**REQUIRED ACTION**: What you return should be the complete listing, unchanged, with no pictures in it.

Start of Block

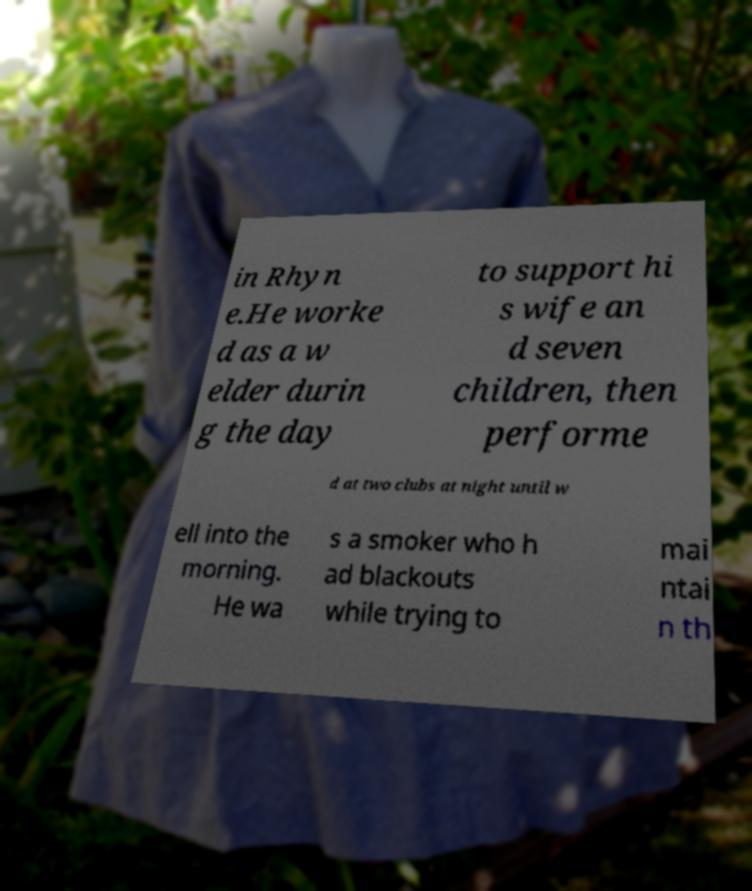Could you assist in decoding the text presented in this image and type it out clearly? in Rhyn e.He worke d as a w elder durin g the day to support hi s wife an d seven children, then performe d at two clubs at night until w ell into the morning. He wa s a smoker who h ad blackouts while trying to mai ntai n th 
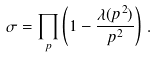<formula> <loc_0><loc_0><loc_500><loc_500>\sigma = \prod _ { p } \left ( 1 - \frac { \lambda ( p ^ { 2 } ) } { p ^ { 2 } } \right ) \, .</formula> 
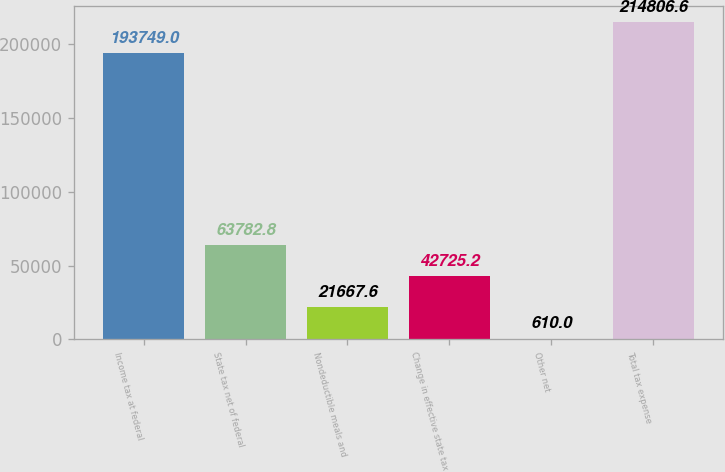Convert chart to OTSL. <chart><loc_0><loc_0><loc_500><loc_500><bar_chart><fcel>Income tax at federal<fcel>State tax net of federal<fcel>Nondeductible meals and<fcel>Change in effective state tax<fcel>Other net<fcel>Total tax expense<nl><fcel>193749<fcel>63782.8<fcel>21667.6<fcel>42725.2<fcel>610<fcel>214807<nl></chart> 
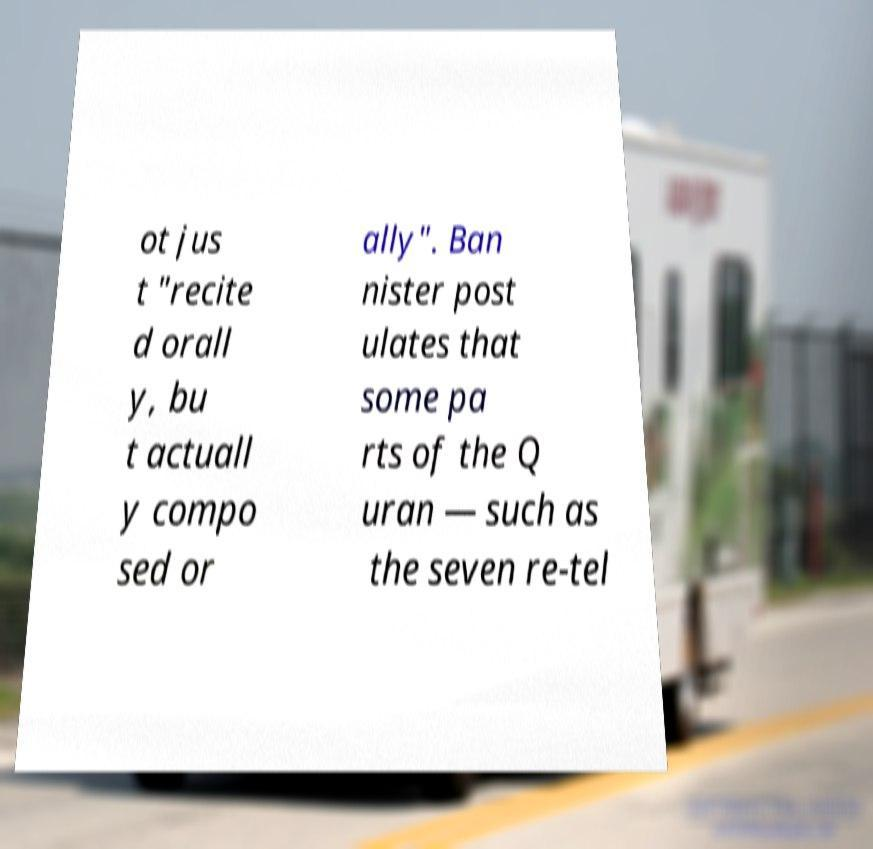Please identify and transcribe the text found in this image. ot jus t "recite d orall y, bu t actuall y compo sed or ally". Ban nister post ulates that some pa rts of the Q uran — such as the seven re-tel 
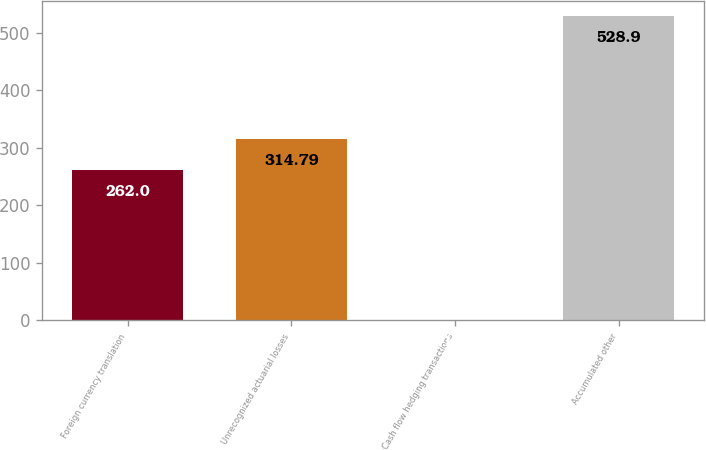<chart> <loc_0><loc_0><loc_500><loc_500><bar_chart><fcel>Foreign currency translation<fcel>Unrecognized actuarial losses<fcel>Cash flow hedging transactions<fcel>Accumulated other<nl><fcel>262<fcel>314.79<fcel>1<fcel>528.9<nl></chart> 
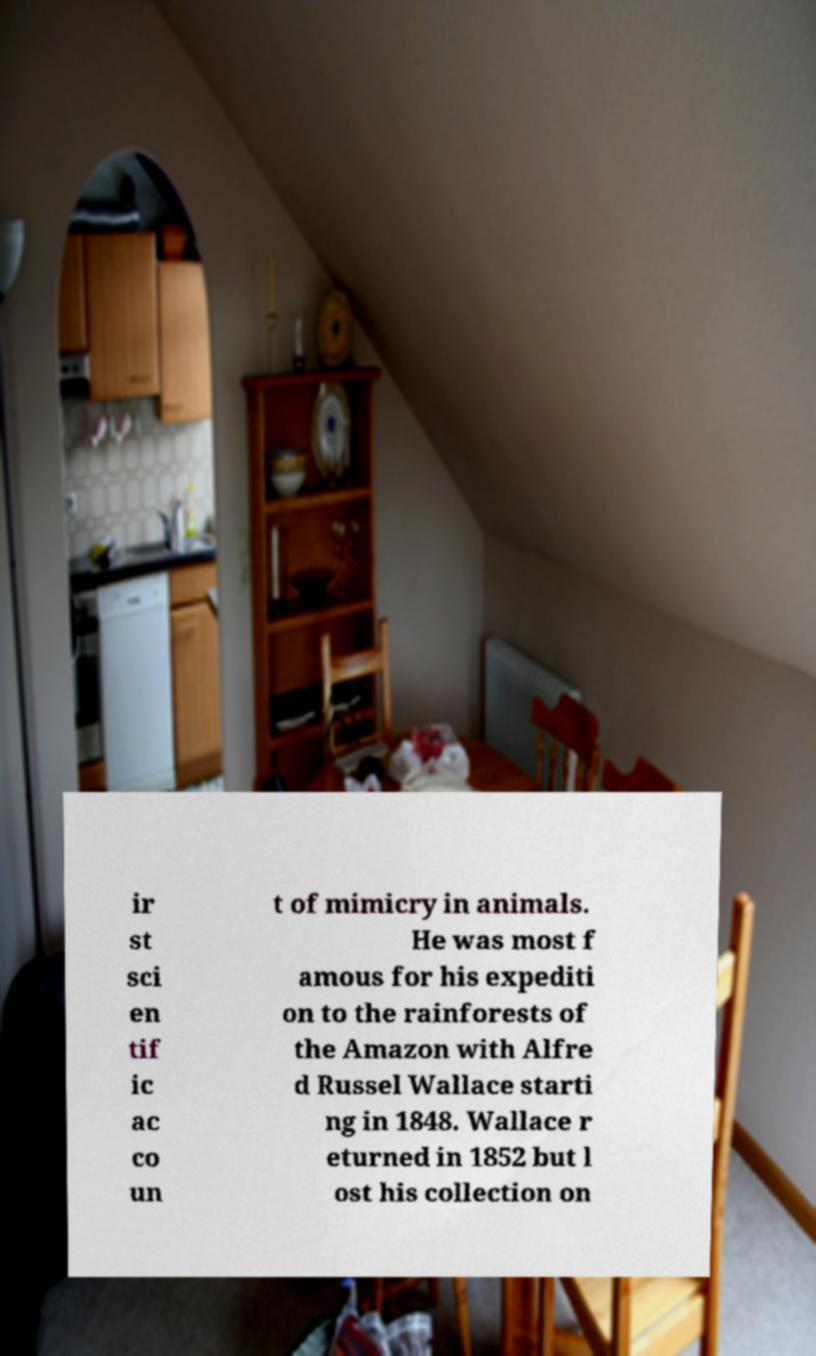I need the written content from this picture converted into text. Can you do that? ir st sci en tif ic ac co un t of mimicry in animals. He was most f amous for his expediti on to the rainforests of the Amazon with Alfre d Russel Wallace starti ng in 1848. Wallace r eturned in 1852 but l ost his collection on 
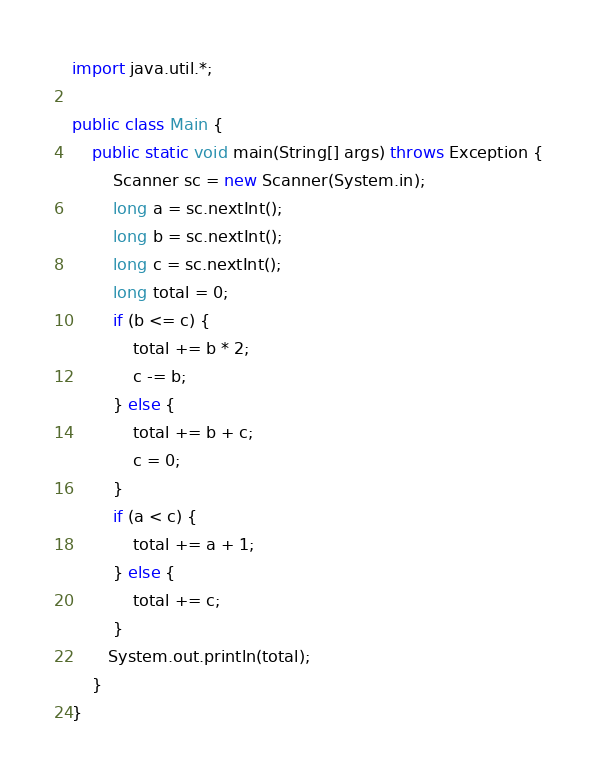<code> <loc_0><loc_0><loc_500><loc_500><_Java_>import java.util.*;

End of Block

**RESPONSE FOR THIS EXERCISE**:
Could you assist in decoding the text presented in this image and type it out clearly? in Rhyn e.He worke d as a w elder durin g the day to support hi s wife an d seven children, then performe d at two clubs at night until w ell into the morning. He wa s a smoker who h ad blackouts while trying to mai ntai n th 
<formula> <loc_0><loc_0><loc_500><loc_500>\sigma = \prod _ { p } \left ( 1 - \frac { \lambda ( p ^ { 2 } ) } { p ^ { 2 } } \right ) \, .</formula> 
Convert chart to OTSL. <chart><loc_0><loc_0><loc_500><loc_500><bar_chart><fcel>Income tax at federal<fcel>State tax net of federal<fcel>Nondeductible meals and<fcel>Change in effective state tax<fcel>Other net<fcel>Total tax expense<nl><fcel>193749<fcel>63782.8<fcel>21667.6<fcel>42725.2<fcel>610<fcel>214807<nl></chart> 
Please identify and transcribe the text found in this image. ot jus t "recite d orall y, bu t actuall y compo sed or ally". Ban nister post ulates that some pa rts of the Q uran — such as the seven re-tel 
<chart> <loc_0><loc_0><loc_500><loc_500><bar_chart><fcel>Foreign currency translation<fcel>Unrecognized actuarial losses<fcel>Cash flow hedging transactions<fcel>Accumulated other<nl><fcel>262<fcel>314.79<fcel>1<fcel>528.9<nl></chart> 
I need the written content from this picture converted into text. Can you do that? ir st sci en tif ic ac co un t of mimicry in animals. He was most f amous for his expediti on to the rainforests of the Amazon with Alfre d Russel Wallace starti ng in 1848. Wallace r eturned in 1852 but l ost his collection on 
<code> <loc_0><loc_0><loc_500><loc_500><_Java_>import java.util.*;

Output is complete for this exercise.